On appearing in HDYSAPLM? Mulholland said, "It was very, very tough. My goal from the beginning had been to make it to the final and then let the public decide. So when I got voted out, I was absolutely devastated. I was so close and knocked at the final hurdle! It was a big shock to the system." Andrew Lloyd Webber has since admitted that he made a mistake in sending her home too early from the BBC show, and is now immensely proud of the singer and her performances at the London Palladium as Maria; Lloyd Webber announced her recruitment saying her audition was "sensational."

===West End leading lady===
Shortly after HDYSAPLM finished in December 2006 Mulholland was signed by agents Curtis Brown and promptly took on the part of Roxie Hart, a lead character in the West End musical Chicago.

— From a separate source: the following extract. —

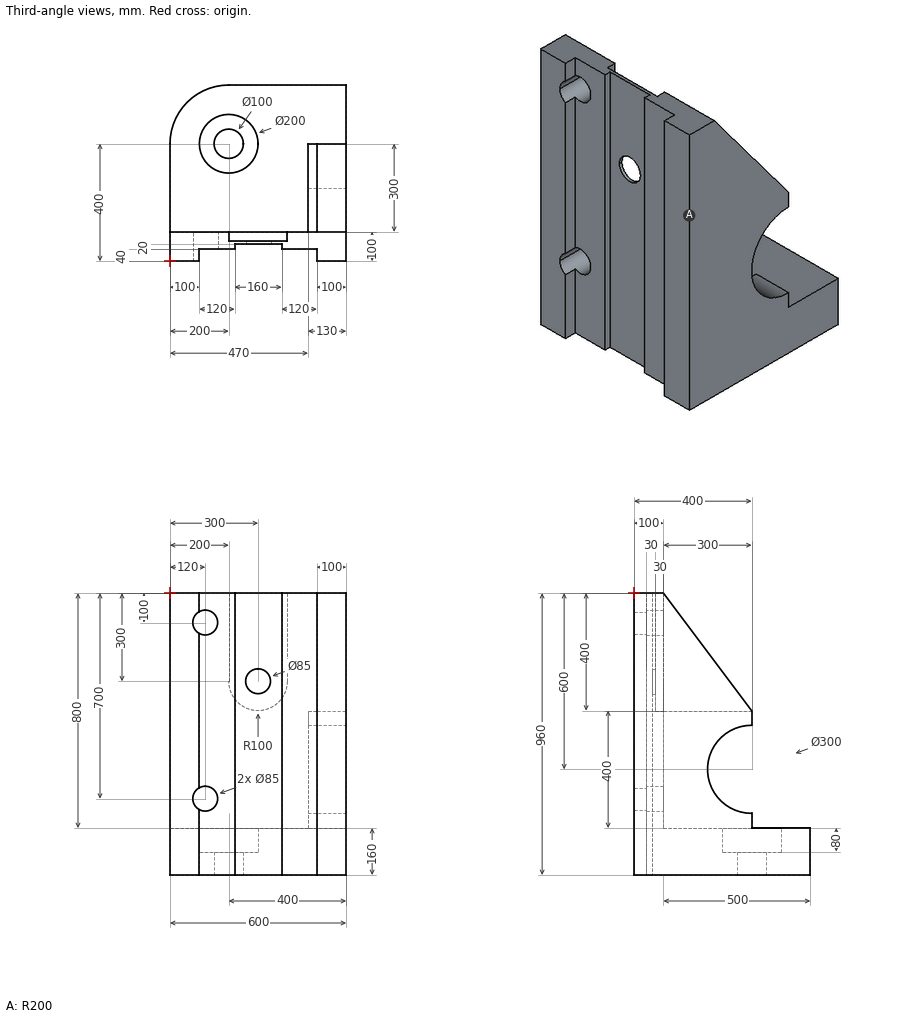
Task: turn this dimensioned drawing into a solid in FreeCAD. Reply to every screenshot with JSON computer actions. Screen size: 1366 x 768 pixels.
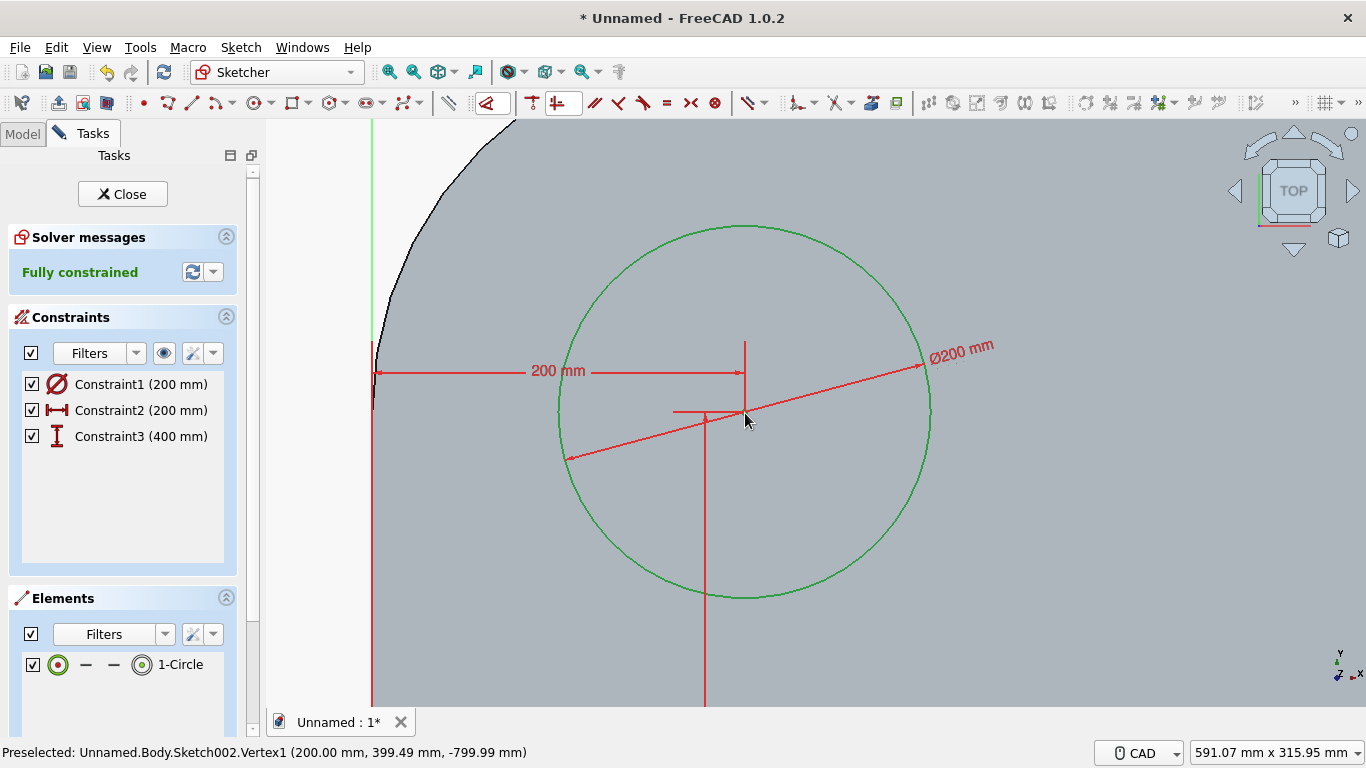
{"action": "left_click", "coordinate": [123, 194]}
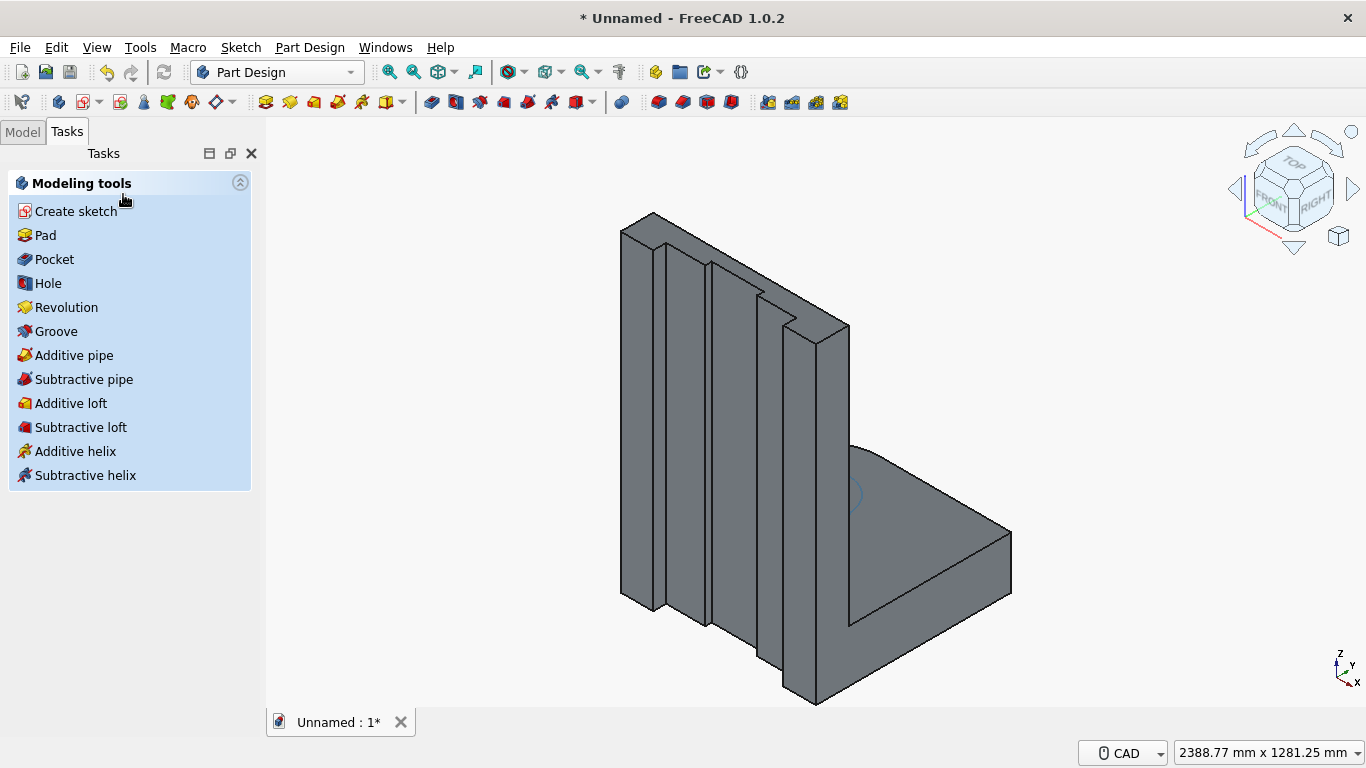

She received positive reviews in Broadway.com and The Irish World.

Mulholland left the cast of Chicago at the end of March 2007. That December, she was invited back to attend the 10 Year Charity Gala performance and Black Tie Reception to celebrate the production's tenth anniversary. Mulholland performed "Funny Honey" in duet with Denise van Outen.

Although she did not win HDYSAPLM, Mulholland was asked by Andrew Lloyd Webber to take over the role of Maria in The Sound of Music as an 'alternate' on Monday evenings and Wednesday matinees from 16 April 2007, after the winner Connie Fisher had to scale down from eight to six performances a week following medical advice. In the role of Maria, Mulholland has received strong reviews: Megan Reynolds of The Guardian wrote that her performance was "honest, genuine, heartfelt and passionate, and her songs were pitch-perfect." On 26 February 2008, Summer Strallen took over the role of Maria from Fisher. Mulholland continued to perform as the alternate until 20 August 2008.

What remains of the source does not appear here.